Update: Scoble asks if SimpleDB kills MySQL, Oracle, et al. The answer is no. Google has a similar service internally and they are still major users of and contributors to MySQL. Sometimes you just need structured data. So RDBMSs aren’t dead. They just may not be the starting point as the barrier to entry for doing the simplest thing to start a website has plummeted. No more setup or admin. Just code and go.
The cherry missing from Amazon’s AWS hot fudge sundae was a database service. They had a CPU scoop with EC2, they had storage scoop with S3, they had a work distribution scoop with their queue, but the database cherry was missing. Now they’ve added it and it’s dessert time.
It seems to be a simple properties like store implemented on Erlang (as is CouchDB). It has simple query capabilities on attributes. It’s fast and scalable. And At $0.14 per hour it’s quite competitive with other options.
What it doesn’t have is a text search or complex RDBMS style queries for structured data.
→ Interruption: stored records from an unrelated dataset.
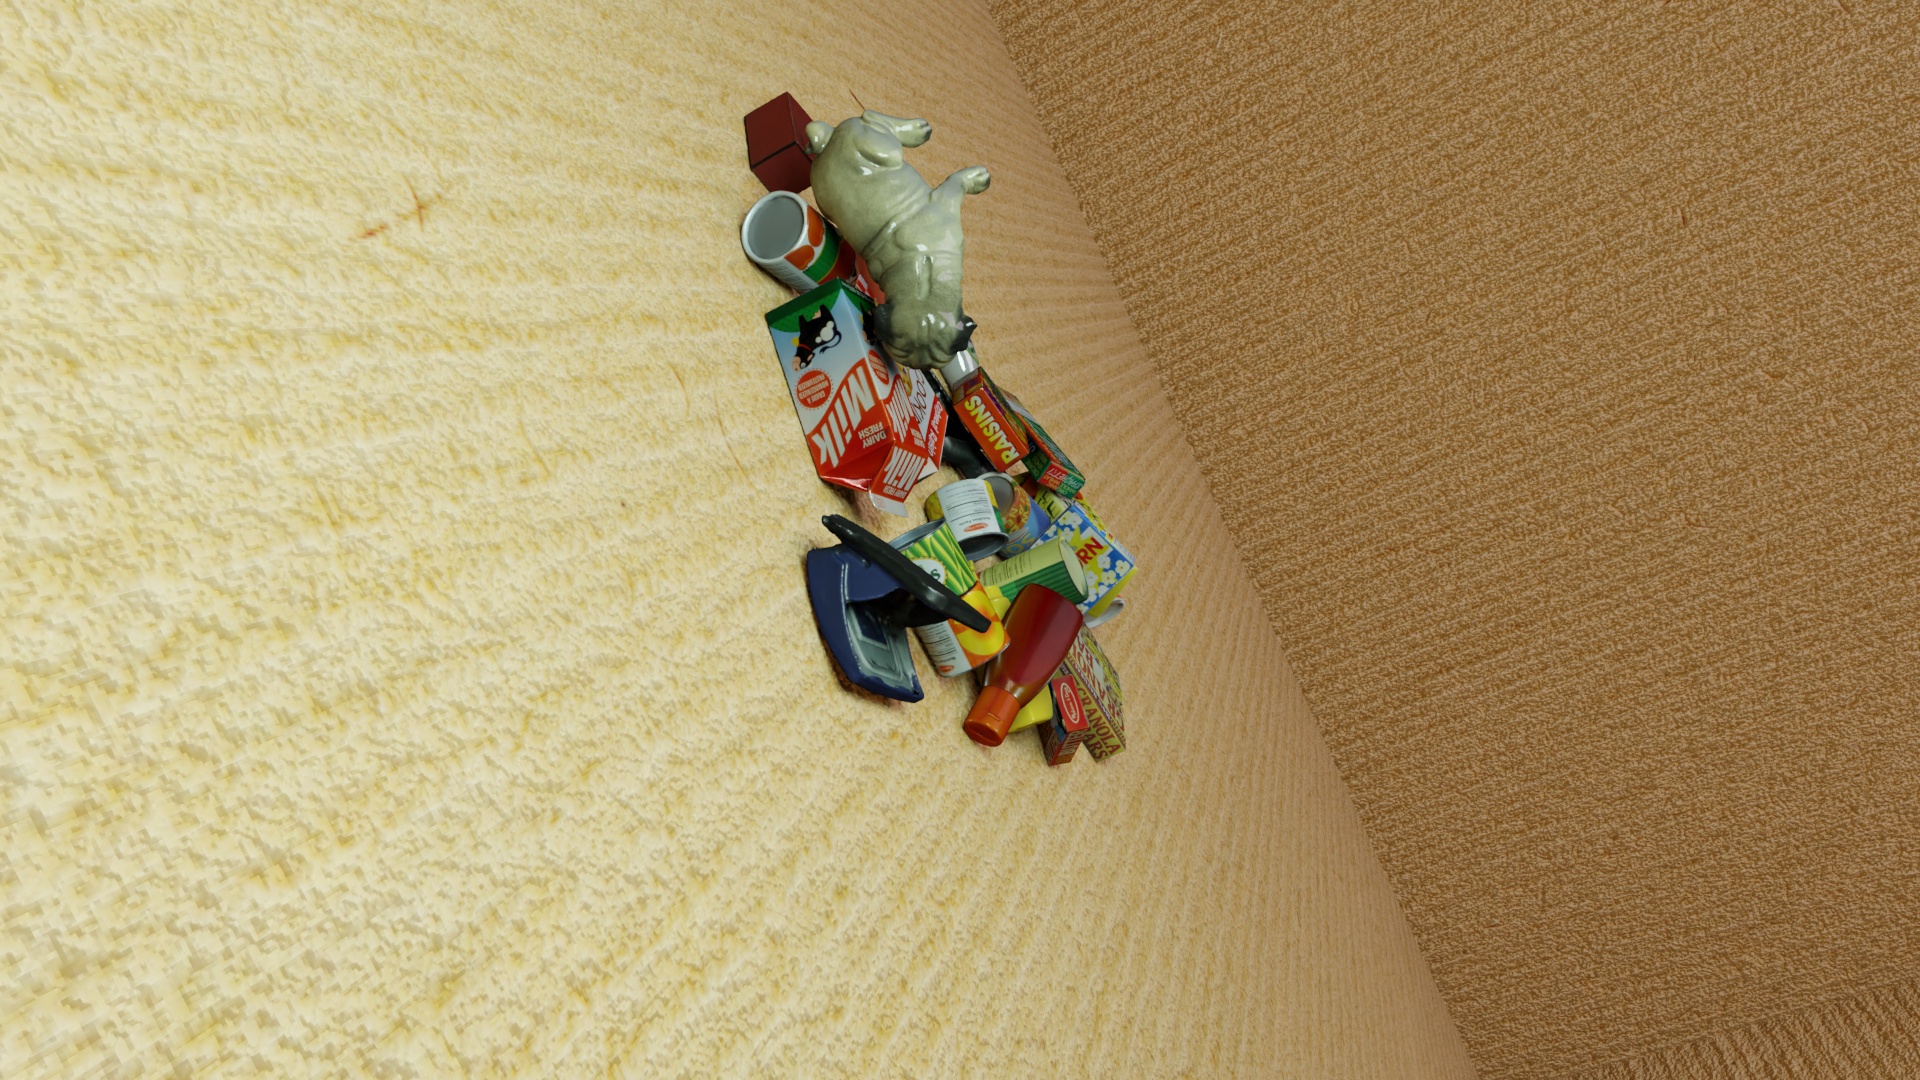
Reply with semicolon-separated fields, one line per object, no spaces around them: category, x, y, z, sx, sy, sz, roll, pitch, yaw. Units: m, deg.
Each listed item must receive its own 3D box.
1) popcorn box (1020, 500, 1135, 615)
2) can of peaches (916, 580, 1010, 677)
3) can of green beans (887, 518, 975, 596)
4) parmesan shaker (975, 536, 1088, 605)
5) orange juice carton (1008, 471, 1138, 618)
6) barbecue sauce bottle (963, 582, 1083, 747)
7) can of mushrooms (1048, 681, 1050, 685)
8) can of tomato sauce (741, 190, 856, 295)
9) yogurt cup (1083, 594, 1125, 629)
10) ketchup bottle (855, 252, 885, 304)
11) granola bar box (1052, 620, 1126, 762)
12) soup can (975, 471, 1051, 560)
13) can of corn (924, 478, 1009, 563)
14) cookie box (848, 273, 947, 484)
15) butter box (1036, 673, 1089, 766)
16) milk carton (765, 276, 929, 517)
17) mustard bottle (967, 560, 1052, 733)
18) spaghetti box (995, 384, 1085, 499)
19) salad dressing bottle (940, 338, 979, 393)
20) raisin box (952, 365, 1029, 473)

It’s not clear if the data are geographically distributed, in case you are interested in fast response times from different parts of the world. I would be very curious on the relationship between SimpleDB and Dynamo.
Even with these limitations it’s a disruptive service. Most high speed websites use a property store for unstructured data and that’s been hard for smaller groups to implement at scale. But if you’re losing your mind trying to figure out how to store your data at scale, maybe you can now turn your attention to more productive problems.